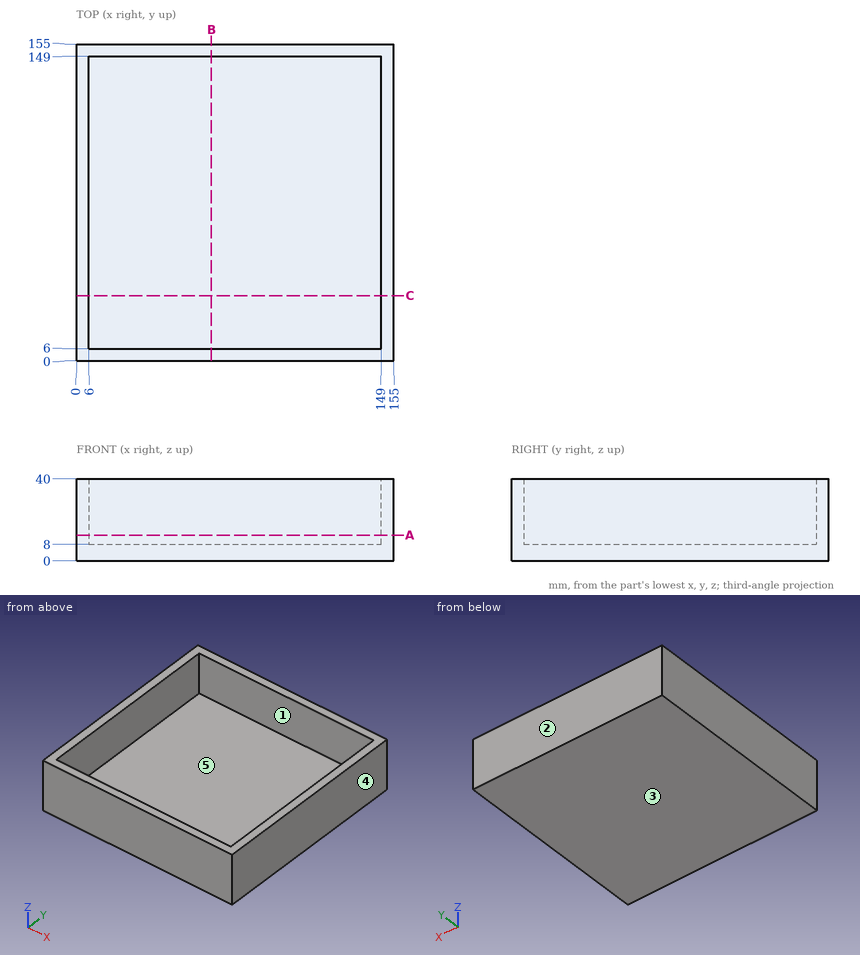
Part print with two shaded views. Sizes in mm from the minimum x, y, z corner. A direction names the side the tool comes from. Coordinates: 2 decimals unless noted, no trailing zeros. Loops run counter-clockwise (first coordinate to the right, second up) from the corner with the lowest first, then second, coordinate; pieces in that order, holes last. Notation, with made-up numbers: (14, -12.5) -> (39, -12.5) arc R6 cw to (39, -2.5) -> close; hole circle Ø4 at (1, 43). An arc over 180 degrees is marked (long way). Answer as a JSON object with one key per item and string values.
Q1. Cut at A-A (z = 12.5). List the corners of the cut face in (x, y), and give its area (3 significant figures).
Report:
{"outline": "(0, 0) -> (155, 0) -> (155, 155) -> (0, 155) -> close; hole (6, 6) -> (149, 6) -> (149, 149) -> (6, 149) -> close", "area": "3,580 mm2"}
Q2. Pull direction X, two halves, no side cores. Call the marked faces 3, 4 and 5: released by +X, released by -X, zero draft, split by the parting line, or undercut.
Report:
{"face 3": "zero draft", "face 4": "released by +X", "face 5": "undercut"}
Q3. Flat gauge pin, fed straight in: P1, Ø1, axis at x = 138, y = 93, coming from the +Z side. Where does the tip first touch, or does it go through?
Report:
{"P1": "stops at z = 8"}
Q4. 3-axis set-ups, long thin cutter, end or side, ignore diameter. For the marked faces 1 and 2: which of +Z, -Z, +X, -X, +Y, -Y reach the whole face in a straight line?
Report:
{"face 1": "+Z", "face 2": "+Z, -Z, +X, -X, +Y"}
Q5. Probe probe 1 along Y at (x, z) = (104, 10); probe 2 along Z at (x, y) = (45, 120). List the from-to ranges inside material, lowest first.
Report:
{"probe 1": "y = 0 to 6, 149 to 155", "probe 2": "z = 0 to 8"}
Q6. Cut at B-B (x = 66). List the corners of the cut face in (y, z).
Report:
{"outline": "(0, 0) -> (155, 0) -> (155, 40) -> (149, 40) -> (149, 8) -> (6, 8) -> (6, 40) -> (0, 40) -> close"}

==

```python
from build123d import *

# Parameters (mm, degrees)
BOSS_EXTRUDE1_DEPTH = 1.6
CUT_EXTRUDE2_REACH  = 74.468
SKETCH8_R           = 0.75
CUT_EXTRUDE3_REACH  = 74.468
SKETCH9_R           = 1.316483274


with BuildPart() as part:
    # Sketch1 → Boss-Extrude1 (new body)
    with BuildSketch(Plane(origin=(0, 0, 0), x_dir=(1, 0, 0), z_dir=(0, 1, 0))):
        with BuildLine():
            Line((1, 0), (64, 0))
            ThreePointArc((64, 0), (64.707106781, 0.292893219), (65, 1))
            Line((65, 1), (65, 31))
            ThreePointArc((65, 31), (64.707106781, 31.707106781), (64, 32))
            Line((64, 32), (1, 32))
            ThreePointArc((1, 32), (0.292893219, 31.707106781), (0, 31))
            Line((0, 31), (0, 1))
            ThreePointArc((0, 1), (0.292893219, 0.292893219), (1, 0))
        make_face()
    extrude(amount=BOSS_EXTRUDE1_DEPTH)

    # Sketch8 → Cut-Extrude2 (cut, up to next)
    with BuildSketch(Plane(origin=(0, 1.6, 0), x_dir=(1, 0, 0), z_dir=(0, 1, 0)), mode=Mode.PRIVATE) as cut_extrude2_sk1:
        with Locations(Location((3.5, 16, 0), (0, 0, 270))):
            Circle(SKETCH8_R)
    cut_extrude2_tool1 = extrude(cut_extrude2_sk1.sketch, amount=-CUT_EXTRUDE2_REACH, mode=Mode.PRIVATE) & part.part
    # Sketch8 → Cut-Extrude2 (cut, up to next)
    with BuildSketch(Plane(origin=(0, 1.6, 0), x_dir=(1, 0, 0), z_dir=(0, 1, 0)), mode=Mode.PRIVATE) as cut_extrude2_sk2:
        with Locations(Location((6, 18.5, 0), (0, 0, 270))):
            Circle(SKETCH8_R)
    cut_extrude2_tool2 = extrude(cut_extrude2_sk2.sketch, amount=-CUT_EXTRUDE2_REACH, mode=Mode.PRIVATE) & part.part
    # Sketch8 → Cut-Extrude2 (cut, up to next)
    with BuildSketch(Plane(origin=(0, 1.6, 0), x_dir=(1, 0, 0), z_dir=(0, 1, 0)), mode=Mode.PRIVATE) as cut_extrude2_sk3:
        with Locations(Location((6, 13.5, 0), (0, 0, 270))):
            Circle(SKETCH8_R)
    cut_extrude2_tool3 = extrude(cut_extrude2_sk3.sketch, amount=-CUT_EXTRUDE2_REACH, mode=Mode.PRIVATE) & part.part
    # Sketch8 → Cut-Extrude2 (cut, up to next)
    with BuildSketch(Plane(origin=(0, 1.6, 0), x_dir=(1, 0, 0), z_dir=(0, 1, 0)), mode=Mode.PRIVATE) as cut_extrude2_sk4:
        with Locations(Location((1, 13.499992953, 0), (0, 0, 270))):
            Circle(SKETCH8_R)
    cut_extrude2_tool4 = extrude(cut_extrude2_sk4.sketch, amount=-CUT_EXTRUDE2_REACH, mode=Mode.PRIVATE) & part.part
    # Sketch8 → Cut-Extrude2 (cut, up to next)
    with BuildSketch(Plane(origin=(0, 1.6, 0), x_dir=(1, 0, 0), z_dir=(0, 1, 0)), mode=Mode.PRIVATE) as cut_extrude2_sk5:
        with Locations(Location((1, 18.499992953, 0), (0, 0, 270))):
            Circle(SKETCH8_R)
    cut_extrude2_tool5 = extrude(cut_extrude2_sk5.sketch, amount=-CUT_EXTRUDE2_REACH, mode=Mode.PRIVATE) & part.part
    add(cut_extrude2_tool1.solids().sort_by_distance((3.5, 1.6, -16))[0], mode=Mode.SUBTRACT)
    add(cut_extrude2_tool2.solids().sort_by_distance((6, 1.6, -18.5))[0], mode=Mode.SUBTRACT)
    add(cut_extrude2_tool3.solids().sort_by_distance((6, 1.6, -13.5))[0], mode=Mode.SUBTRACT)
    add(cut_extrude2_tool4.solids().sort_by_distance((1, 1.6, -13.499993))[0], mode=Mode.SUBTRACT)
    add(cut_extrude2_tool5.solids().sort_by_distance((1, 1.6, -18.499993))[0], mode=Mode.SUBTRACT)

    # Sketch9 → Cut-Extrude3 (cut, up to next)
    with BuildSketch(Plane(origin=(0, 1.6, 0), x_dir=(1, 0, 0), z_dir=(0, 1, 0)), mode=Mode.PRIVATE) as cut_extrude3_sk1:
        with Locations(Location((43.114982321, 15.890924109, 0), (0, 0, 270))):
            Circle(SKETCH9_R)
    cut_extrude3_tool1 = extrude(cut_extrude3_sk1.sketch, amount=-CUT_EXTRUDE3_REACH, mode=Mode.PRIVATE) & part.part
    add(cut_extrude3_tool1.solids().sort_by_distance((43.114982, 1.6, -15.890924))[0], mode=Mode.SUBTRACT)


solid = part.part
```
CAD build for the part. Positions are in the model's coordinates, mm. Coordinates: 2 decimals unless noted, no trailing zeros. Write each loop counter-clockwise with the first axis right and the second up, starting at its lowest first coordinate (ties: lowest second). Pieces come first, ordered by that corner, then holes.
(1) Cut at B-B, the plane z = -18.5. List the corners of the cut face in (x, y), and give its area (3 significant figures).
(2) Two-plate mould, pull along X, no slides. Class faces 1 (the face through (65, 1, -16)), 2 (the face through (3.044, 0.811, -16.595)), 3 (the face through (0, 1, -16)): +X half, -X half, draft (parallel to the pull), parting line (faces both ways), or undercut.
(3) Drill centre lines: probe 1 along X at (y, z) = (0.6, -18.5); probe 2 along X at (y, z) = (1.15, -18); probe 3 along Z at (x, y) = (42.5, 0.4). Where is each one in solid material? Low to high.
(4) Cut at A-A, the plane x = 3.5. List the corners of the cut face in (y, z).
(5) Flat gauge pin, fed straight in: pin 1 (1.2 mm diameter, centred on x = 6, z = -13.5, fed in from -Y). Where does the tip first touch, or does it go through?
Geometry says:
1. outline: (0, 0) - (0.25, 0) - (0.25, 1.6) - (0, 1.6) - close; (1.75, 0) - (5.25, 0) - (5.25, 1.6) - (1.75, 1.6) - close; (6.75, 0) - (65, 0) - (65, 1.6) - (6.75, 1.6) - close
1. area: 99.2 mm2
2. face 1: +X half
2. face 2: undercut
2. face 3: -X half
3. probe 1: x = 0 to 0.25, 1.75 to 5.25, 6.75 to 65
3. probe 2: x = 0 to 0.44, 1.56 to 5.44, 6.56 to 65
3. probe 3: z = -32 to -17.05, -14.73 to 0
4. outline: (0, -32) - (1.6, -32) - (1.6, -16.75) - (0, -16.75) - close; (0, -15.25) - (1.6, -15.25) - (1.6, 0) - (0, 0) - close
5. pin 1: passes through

---

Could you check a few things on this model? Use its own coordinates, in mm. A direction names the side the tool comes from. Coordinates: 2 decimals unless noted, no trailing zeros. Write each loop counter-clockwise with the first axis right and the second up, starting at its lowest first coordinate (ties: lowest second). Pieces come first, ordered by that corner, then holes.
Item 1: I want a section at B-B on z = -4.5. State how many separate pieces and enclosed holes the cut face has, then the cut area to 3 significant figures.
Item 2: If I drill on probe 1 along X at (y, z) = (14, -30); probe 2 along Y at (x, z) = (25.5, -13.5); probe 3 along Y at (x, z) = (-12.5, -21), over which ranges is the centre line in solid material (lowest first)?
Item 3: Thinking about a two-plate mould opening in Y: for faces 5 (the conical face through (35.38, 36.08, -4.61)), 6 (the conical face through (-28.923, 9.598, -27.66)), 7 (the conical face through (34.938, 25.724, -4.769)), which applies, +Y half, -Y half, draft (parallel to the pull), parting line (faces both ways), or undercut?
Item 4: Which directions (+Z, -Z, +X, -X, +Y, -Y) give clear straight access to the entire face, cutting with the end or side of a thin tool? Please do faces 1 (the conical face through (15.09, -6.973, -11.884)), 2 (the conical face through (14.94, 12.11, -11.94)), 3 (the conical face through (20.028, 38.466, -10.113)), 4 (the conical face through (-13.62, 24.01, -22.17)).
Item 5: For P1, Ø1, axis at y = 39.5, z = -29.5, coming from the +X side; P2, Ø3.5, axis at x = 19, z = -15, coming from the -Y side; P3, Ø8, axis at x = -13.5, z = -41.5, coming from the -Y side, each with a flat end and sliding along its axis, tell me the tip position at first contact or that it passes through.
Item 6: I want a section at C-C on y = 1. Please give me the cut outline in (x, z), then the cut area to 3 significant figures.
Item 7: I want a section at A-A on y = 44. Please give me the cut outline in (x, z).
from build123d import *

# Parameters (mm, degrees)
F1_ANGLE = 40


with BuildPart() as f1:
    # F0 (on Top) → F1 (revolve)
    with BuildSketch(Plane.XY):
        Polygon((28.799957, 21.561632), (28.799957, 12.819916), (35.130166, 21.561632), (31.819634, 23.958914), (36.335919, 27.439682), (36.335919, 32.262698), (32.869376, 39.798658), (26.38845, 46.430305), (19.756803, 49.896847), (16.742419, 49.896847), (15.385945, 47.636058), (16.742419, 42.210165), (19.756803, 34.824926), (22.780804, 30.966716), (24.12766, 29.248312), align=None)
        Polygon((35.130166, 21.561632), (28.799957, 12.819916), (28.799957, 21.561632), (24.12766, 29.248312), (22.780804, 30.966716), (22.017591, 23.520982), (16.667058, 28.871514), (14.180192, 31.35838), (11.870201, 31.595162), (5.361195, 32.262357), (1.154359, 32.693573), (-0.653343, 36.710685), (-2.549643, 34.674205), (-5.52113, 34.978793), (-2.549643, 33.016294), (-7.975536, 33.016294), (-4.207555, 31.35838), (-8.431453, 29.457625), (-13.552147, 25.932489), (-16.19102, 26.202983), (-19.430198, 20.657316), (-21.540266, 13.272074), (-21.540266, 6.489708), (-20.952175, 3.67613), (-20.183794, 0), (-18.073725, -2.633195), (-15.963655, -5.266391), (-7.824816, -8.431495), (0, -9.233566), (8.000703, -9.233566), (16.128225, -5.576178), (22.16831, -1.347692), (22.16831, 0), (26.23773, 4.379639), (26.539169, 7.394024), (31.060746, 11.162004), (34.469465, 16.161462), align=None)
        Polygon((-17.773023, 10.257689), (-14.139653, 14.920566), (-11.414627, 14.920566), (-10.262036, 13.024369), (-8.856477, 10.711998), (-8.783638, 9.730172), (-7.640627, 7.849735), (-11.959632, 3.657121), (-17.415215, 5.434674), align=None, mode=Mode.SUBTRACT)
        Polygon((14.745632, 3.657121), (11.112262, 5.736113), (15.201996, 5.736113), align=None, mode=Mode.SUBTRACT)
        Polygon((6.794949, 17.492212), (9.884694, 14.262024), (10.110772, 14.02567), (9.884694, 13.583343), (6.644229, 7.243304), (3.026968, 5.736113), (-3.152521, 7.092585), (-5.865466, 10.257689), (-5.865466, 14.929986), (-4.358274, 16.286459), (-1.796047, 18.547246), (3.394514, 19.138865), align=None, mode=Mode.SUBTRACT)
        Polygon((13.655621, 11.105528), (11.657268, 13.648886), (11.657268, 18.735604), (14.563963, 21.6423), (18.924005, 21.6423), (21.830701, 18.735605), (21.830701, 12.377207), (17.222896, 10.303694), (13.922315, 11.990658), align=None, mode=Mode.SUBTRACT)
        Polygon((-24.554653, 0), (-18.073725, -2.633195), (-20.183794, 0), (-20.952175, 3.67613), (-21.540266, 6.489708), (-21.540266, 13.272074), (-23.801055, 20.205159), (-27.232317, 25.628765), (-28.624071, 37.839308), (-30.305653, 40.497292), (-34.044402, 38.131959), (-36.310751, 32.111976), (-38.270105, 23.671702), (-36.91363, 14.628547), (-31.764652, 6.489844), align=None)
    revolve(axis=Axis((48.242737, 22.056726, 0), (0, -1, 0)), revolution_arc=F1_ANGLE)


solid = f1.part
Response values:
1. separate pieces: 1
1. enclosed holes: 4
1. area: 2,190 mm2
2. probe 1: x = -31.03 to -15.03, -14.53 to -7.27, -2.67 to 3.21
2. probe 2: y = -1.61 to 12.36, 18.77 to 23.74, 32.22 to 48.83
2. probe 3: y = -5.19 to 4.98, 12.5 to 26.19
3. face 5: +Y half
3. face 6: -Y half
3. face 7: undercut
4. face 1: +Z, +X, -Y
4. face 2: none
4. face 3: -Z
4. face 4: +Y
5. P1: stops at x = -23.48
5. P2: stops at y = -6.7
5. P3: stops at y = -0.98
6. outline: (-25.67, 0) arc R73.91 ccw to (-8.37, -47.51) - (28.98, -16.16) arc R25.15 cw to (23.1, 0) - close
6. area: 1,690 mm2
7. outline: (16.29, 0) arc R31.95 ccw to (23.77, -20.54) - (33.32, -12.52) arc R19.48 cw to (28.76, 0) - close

— AIM OF THE EXERCISE —
Could you return every line from the entries above in which the string "enclosed" occurs?

— RESPONSE AREA —
Item 1: I want a section at B-B on z = -4.5. State how many separate pieces and enclosed holes the cut face has, then the cut area to 3 significant figures.
1. enclosed holes: 4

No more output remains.